It was really nice to run with people. However, I felt like I was running a really strong pace only to find out that it took me 58 minutes to do 6 miles. Huh. That is my slowest running speed (minus the IM marathon).  I guess my legs still are recovering.  I was also slightly worried since I had some foot/achilles pain. Plantar fasciitis? Oooh, I hope not! I'm hoping it is just a warn out body complaining a bit. Other than that, I felt great.

More importantly, today I started my healthy eating. It felt really good to be putting healthy stuff in my body, no surprise there. I also really like cooking and meal planning. I went grocery shopping and did the age old trick of "if you don't buy it you can't eat it". 

I also spent some time today mapping out my training plan for the upcoming year.  Endurance Nation does this for me, but I'm waiting on my plan from Coach Rich right now and just started by creating a spreadsheet of all the races/events I have planned as well as life obstacles, such as travel for conferences or weddings.  I have a pretty good guess of what he will have me doing, so we'll see how well our plans match up.

Tomorrow I am doing the North Shore Century.  I am planning on doing the 50 mile route, plus riding there and back for about 62 miles total.  I'm excited to just have a nice easy ride, not pushing it, worrying about anything like power, pace, nutrition (well, eating would probably be a good thing). Should be a nice fall day for it too.

Friday, September 20, 2013

An All or Nothing Girl

While I'm not sure I would consider myself Type A like many triathletes, I do share the common "can't do anything in moderation [except swim]" mentality. This is in many areas of my life- I won't do a little bit of cleaning, rather wait til the weekend when I can do a deep cleaning (or frequently just put it off again, hello dust bunnies!). I prefer to work in large chunks of time, then just little bits.  If I have time for only a 20 minute run and had planned an hour, I'm likely to skip. Obviously these are downsides. Unfortunately, the biggest thing that has happened is very bad eating habits.

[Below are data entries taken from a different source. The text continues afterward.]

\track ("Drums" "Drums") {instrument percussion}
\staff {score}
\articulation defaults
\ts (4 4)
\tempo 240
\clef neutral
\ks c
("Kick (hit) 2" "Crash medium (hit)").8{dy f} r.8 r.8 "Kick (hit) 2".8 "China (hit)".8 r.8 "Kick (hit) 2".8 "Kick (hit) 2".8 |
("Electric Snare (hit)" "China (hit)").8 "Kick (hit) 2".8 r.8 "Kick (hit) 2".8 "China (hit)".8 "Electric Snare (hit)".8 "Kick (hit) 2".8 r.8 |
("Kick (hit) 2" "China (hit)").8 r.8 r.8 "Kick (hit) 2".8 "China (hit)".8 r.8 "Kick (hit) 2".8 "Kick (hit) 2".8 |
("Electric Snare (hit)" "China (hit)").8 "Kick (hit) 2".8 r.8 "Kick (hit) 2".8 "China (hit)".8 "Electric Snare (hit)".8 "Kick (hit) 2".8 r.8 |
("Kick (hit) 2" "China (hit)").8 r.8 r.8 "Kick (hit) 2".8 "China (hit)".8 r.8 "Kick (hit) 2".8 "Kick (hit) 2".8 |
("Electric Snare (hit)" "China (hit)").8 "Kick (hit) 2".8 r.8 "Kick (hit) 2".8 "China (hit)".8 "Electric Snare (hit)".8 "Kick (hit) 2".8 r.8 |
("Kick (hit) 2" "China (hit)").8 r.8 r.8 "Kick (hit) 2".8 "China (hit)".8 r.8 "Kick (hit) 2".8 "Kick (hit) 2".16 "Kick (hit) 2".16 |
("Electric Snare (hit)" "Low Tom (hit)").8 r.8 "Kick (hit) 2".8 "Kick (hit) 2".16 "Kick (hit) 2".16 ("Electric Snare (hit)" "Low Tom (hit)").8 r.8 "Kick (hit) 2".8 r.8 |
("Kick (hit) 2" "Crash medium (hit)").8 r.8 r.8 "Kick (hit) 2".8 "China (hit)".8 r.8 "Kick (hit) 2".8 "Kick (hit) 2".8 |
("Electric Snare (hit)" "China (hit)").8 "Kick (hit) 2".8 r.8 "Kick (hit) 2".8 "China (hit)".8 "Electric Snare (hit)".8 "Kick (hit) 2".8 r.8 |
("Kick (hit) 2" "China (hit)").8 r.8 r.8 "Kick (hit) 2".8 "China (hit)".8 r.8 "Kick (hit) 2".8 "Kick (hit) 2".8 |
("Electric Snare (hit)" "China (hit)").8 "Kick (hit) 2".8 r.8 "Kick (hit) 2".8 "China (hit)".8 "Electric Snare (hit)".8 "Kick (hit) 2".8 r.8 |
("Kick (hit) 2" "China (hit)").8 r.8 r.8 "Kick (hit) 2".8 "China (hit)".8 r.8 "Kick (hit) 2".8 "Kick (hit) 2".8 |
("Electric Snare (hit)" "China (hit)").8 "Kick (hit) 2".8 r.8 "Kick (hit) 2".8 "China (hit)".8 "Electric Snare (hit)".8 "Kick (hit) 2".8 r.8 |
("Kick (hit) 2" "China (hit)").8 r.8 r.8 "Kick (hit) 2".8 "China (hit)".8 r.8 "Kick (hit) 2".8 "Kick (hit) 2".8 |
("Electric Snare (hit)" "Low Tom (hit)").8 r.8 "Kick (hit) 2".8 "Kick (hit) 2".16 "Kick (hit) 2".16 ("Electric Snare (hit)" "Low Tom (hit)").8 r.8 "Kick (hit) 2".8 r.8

I've alluded to these before, but I would say I'm not in a good place at all with eating. I love to cook and eat healthy foods, but I am an emotional eater, probably with some addictive behaviors in terms of sweets.  And I apply my all or nothing mentality here.  If I was planning on "starting over tomorrow"- the always classic "diet starts tomorrow approach" but then I had one thing, say a miniscule piece of chocolate, I would consider it ruined and binge out. This is ok if it happens every now and then, but it happens more often than not these days, and I'm not liking how it makes me feel, and what I am doing to my body.

Many people preach moderation. Heck, all of Weight Watchers is that- you can have a cookie, just keep it as one. That might work for some, but not for me, and I would guess not for many triathletes. One cookie? That is just sad. Give me the whole box, or I don't want any.

I read somewhere that people are either "Abstainers" or "Moderators". I fall into the abstainer category, however, just have a lack of willpower when it comes to actually doing the abstaining. But what it means is that I am better off making strict rules and NEVER having "a cookie", as that single cookie will be sure to multiply.  The scary thing about being an abstainer is it sounds so scary and absolute. I will have no chocolate. No candy. No sweets. None of the cookies I love to bake. No ice cream. No binges. Aren't I just torturing myself?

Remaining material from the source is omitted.